Comparison of kinetic analysis methods to compute DVR parametric images from PiB-PET dynamic data in regard to noise-induced bias.

1735 Objectives Noise-induced bias on the estimation of distribution volume ratio (DVR) with four kinetic analysis methods was examined in view of parametric image (PI) generation from PiB-PET data of human subjects: (i) relative-equilibrium graphical plot (REplot) (Zhou, NeuroImage 44:661, 2009); (ii) receptor parametric mapping with fixed efflux rate constant (RPM2) (Gunn, NeuroImage 6:279, 1997) which is a modification of SRTM; (iii) Logan graphical analysis with reference region (LGAR); and (iv) two-parameter multilinear reference tissue model (MRTM2) (Ichise, JCBFM 23:1096, 2003). Methods Two normal controls and two Alzheimer patients underwent a brain dynamic scan for 70-90 min starting injection of 11C-PiB (average 578.4MBq). Regions of interest (ROIs) were placed over the cerebral cortical areas as target regions and cerebellum as reference region. The DVR values for ROIs were estimated by the four methods. Meanwhile, pixel-wise time activity curves (TACs) were generated from the 11C-PiB dynamic data of one Alzheimer patient and fitted with the full kinetic model (MRTM2) to obtain the ideal original TACs. Zero mean Gaussian noise (85% noise corresponding to pixel TAC noise) was added to the original TACs, from which DVR-PIs were generated with the four methods. Results In the ROI analysis, RPM2 and MRTM2 tended to provide higher DVR estimates than LGAR and REplot. Under noise free condition, REplot generated DVR values slightly lower than the other methods.

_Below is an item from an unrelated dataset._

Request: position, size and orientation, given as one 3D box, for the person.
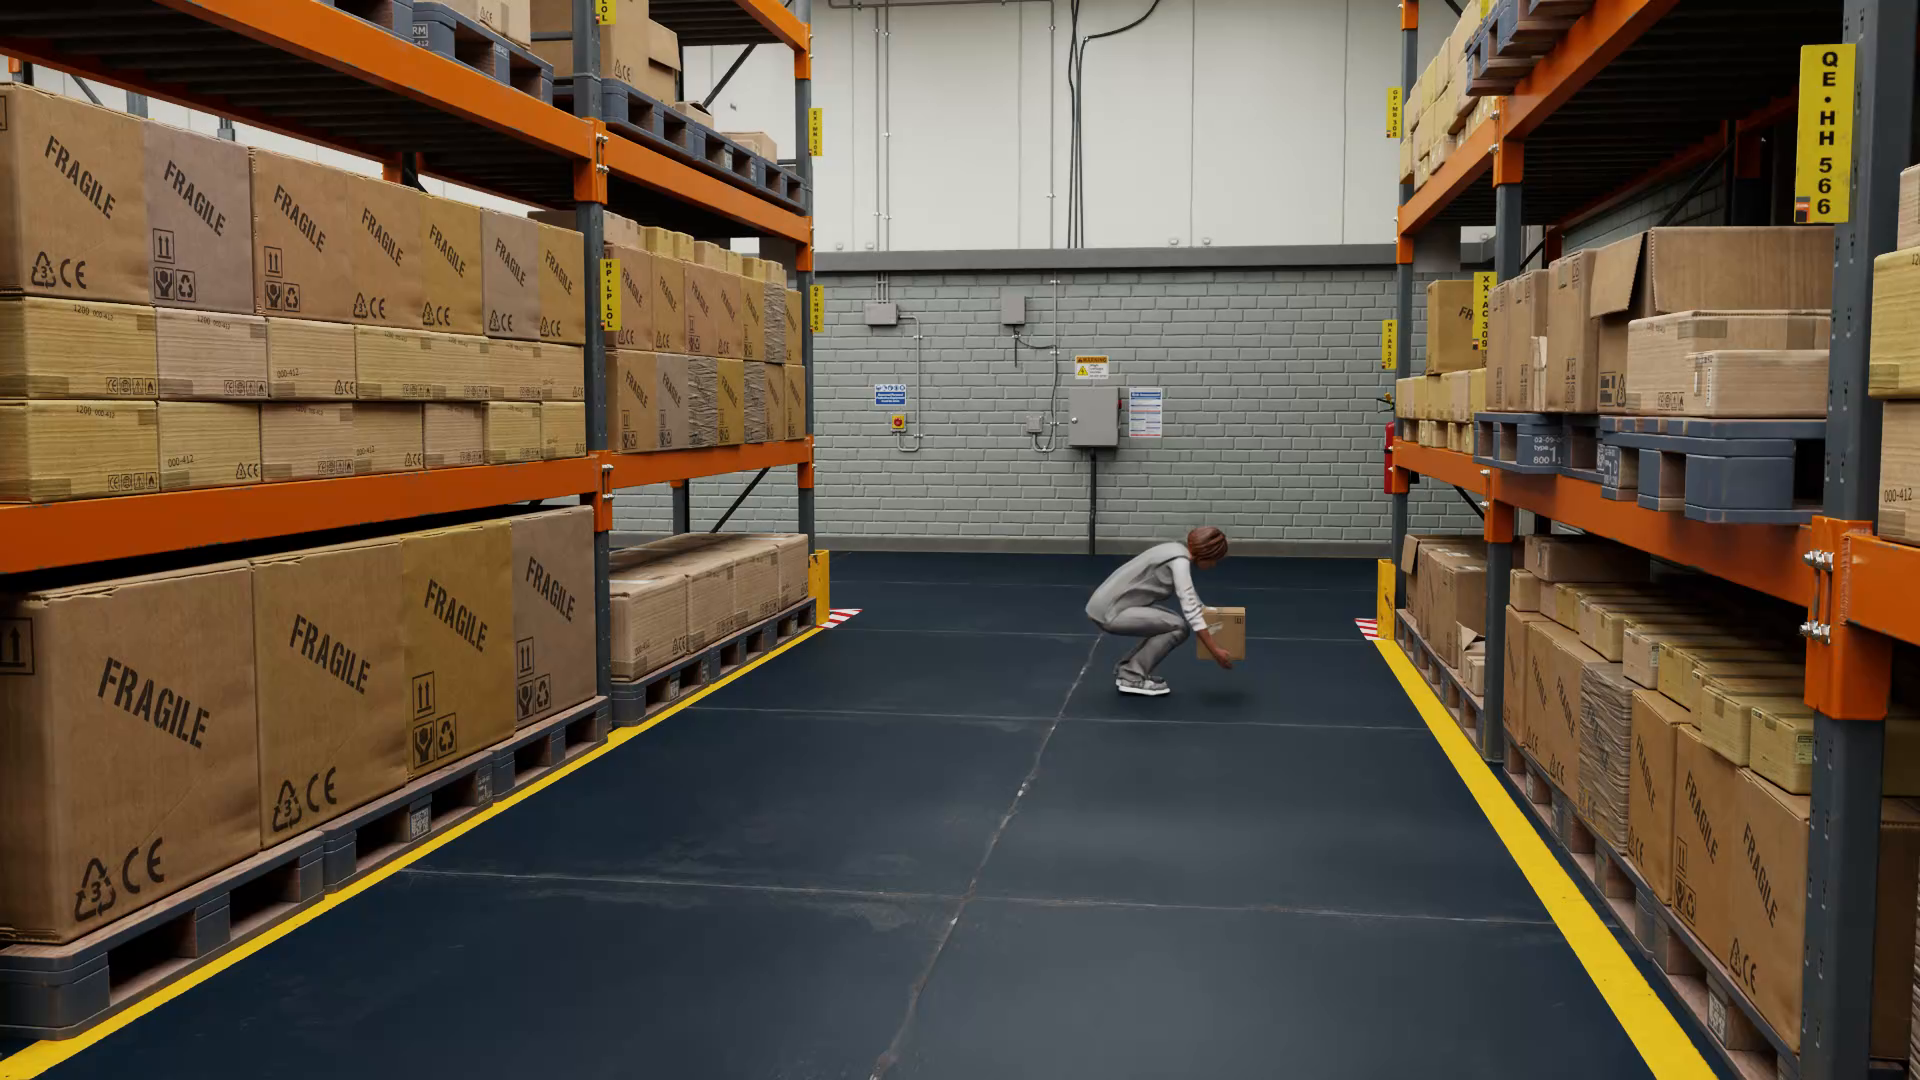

Under 85% noise, LGAR showed substantial underestimation of DVR, and MRTM2 showed overestimation together with noise expansion, especially in high DVR pixels. On the other hand, both RPM2 and REplot derived much less biased estimation of DVR. The bias due to 85% noise was -0.292+/-0.233 (mean+/-SD) by REplot, -0.113+/-0.161 by RPM2, -1.071+/-0.434 by LGAR, and 0.212+/-0.869 by MRTM2. Conclusions Among the four methods, RPM2 may derive the most precise and the least biased estimate of DVR.